▶ **Data for the task**:

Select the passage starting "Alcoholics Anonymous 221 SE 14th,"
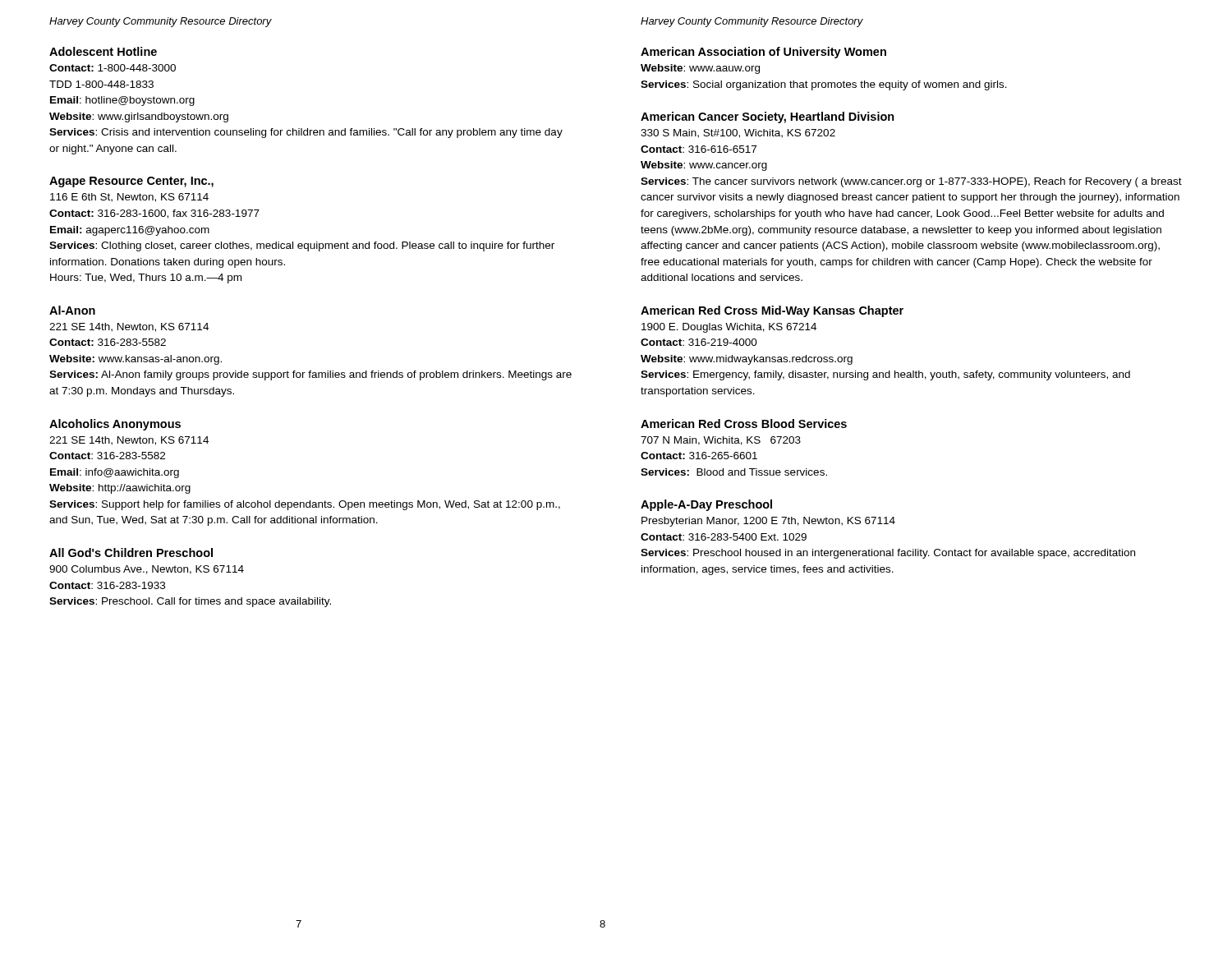 tap(115, 425)
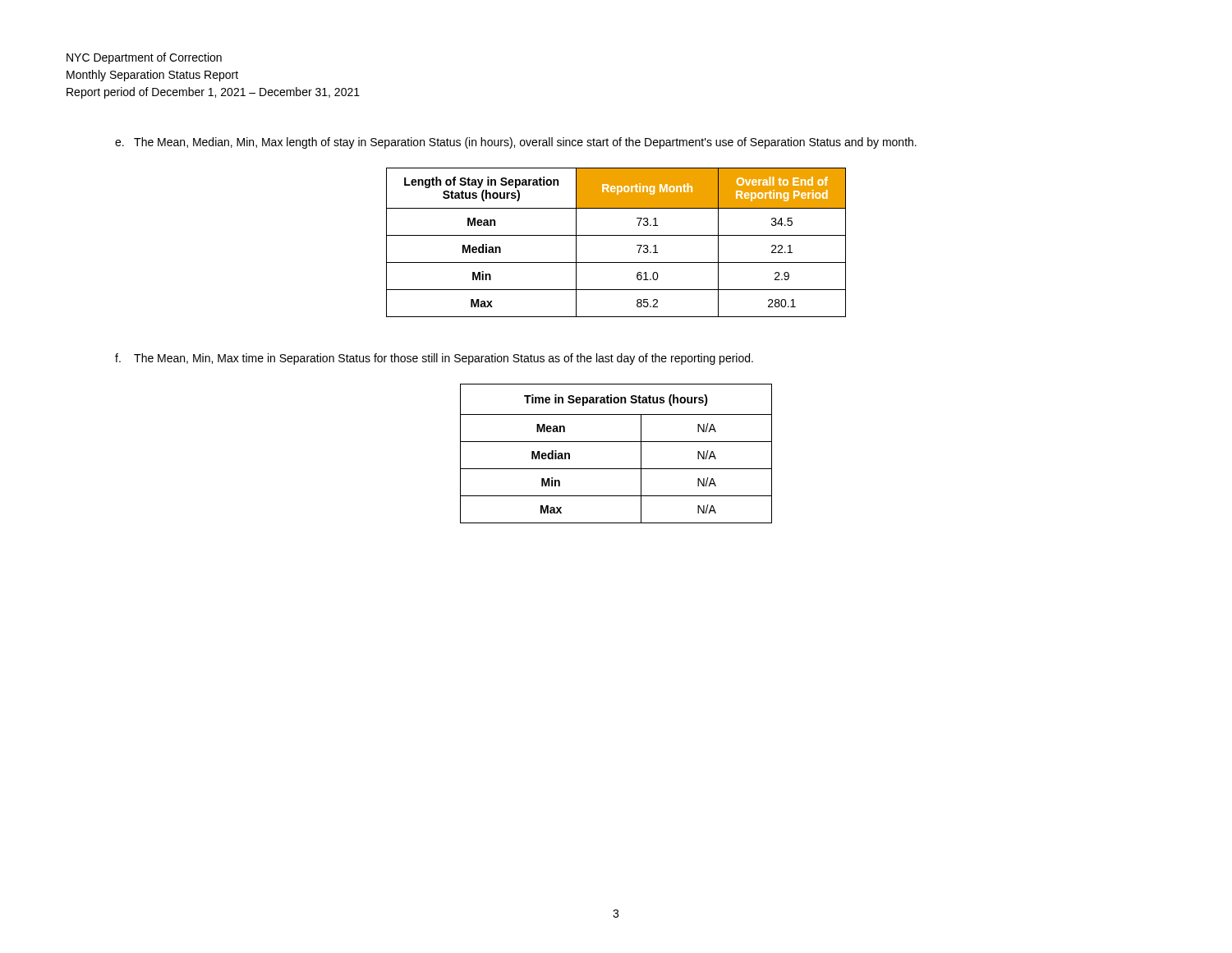
Task: Find the element starting "f. The Mean, Min, Max"
Action: [434, 358]
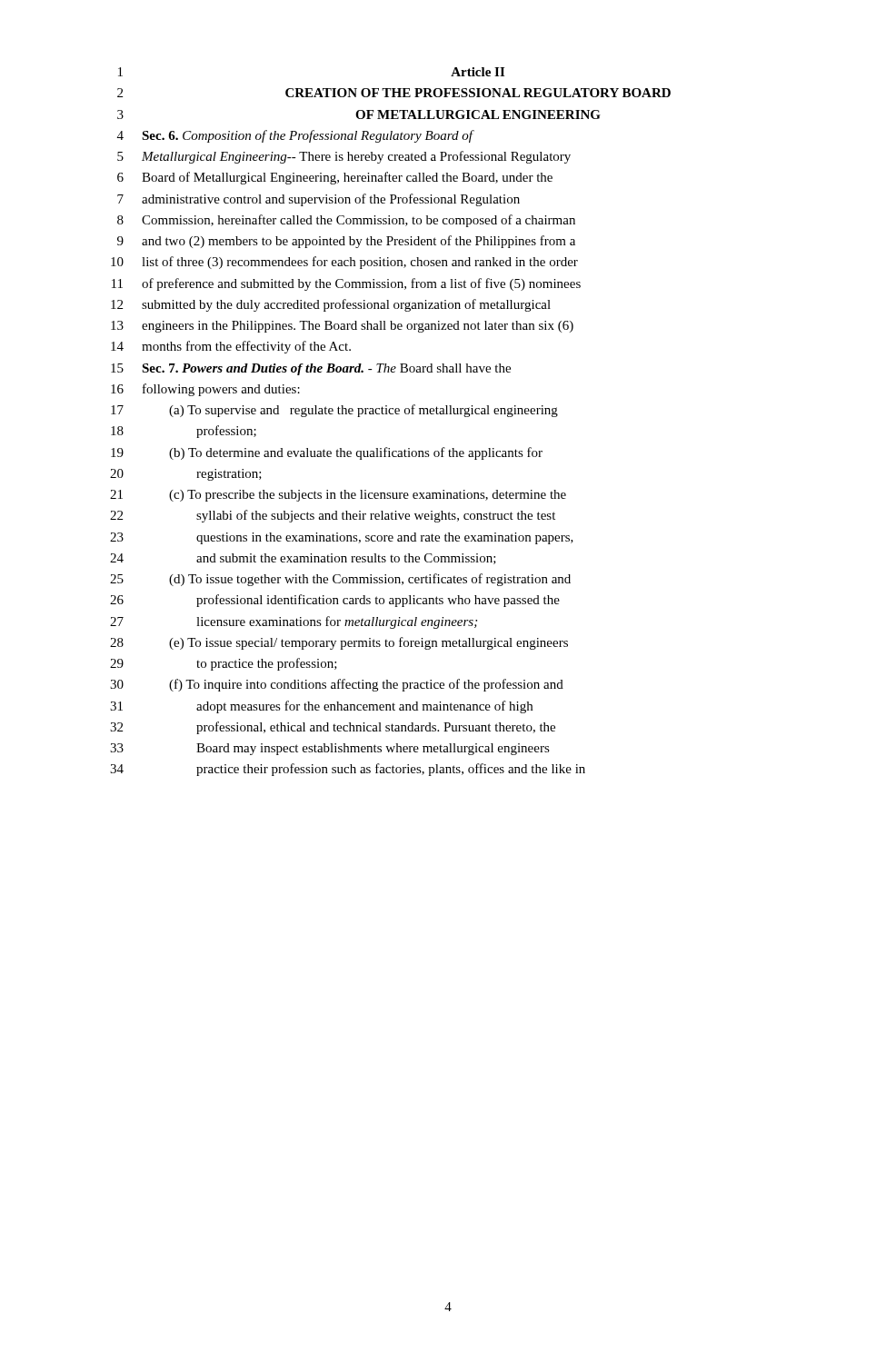Locate the text that says "1 Article II"

coord(456,72)
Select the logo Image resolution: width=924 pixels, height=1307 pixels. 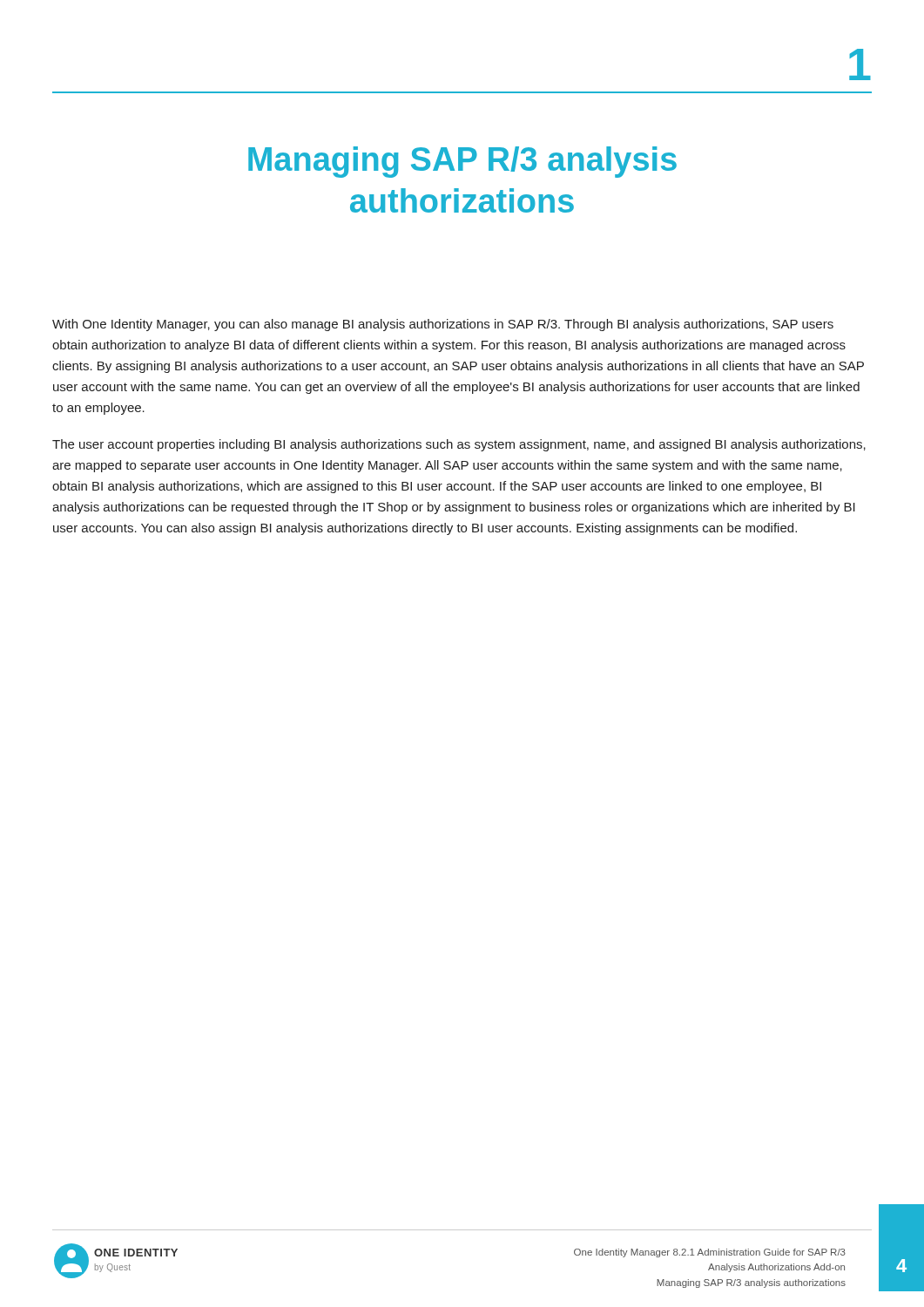click(x=118, y=1263)
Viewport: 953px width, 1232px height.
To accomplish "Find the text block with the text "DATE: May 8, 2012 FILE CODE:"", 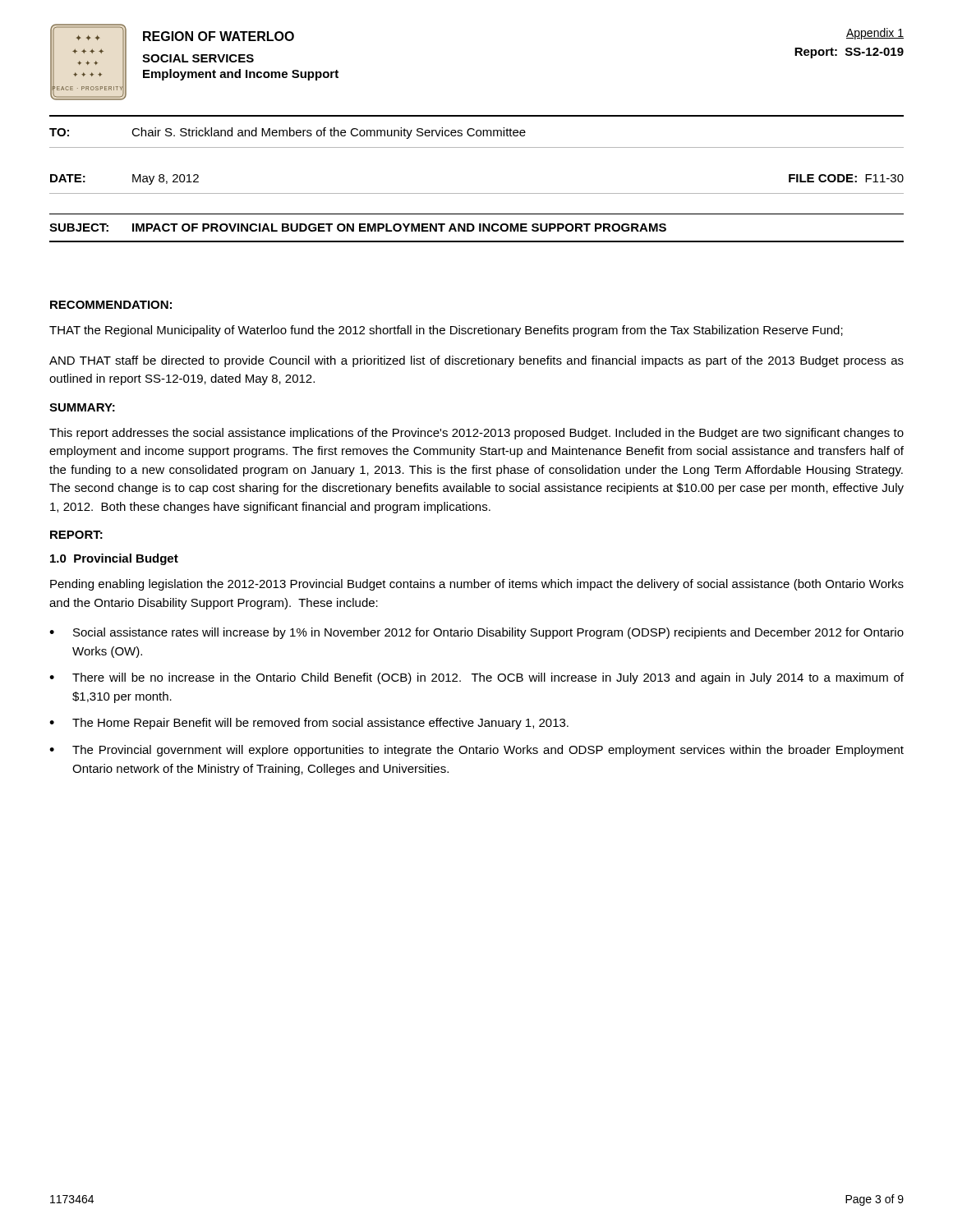I will coord(69,179).
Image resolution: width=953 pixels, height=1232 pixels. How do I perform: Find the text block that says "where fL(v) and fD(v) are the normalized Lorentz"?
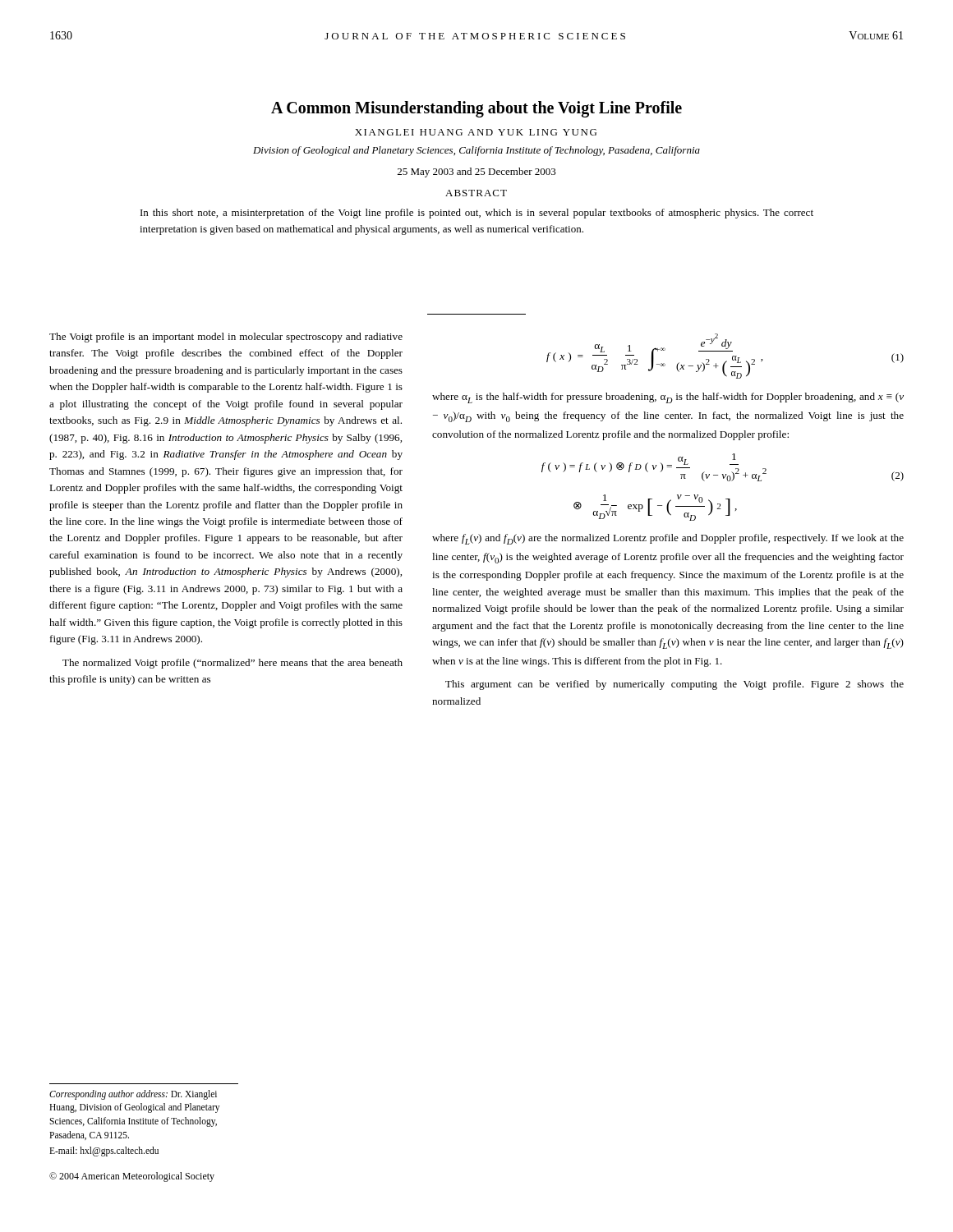pos(668,620)
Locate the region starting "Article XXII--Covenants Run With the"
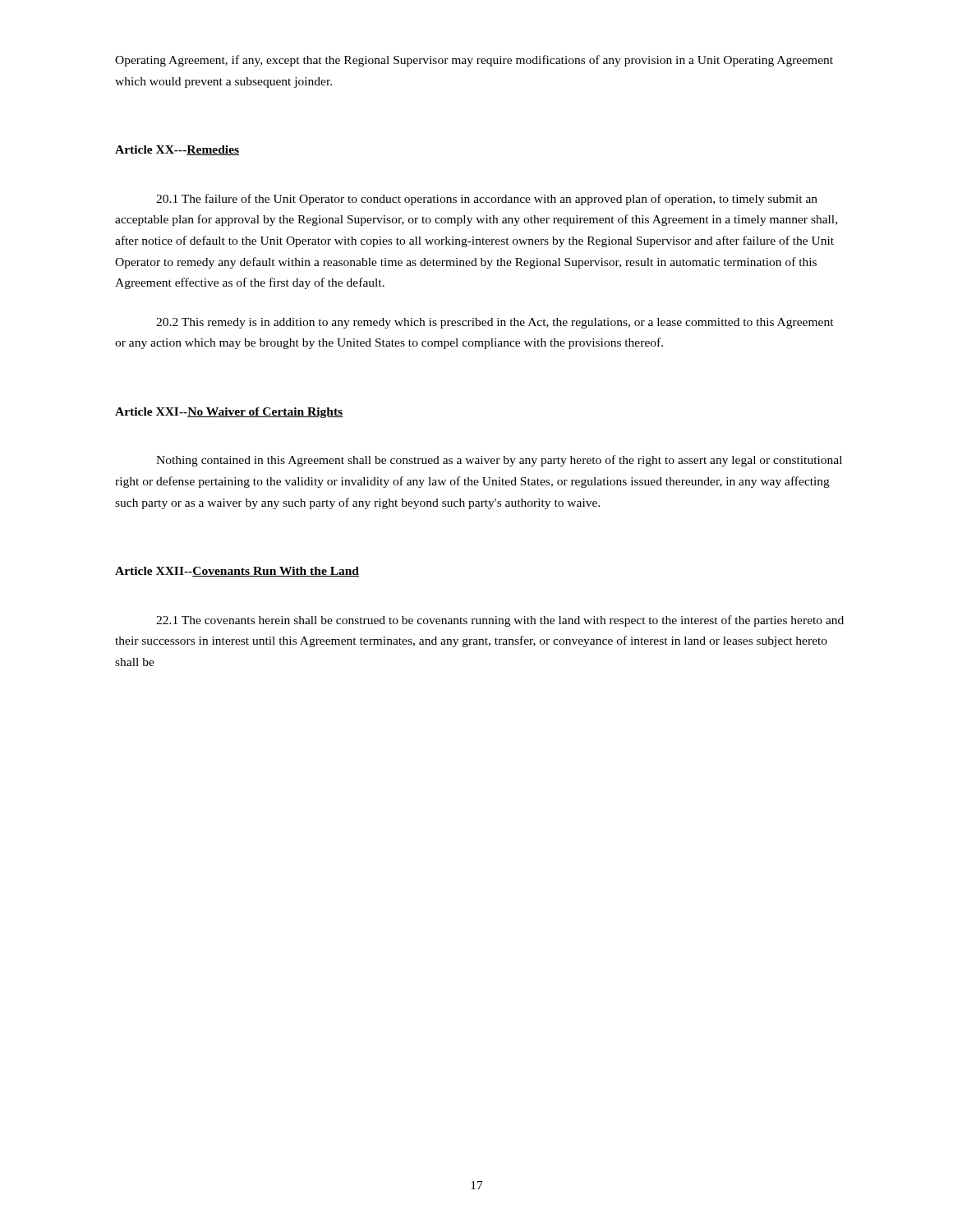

▶ **Action item**: Give again exactly the lines from the one holding "Image resolution: width=953" to the final line of the records, both ends included; any pictures stay out.

▶ **Answer to this task**:
Image resolution: width=953 pixels, height=1232 pixels. How do I perform: Find the text block that says "where fL(v) and fD(v) are the normalized Lorentz"?
pos(668,620)
Locate the region starting "Article XXII--Covenants Run With the"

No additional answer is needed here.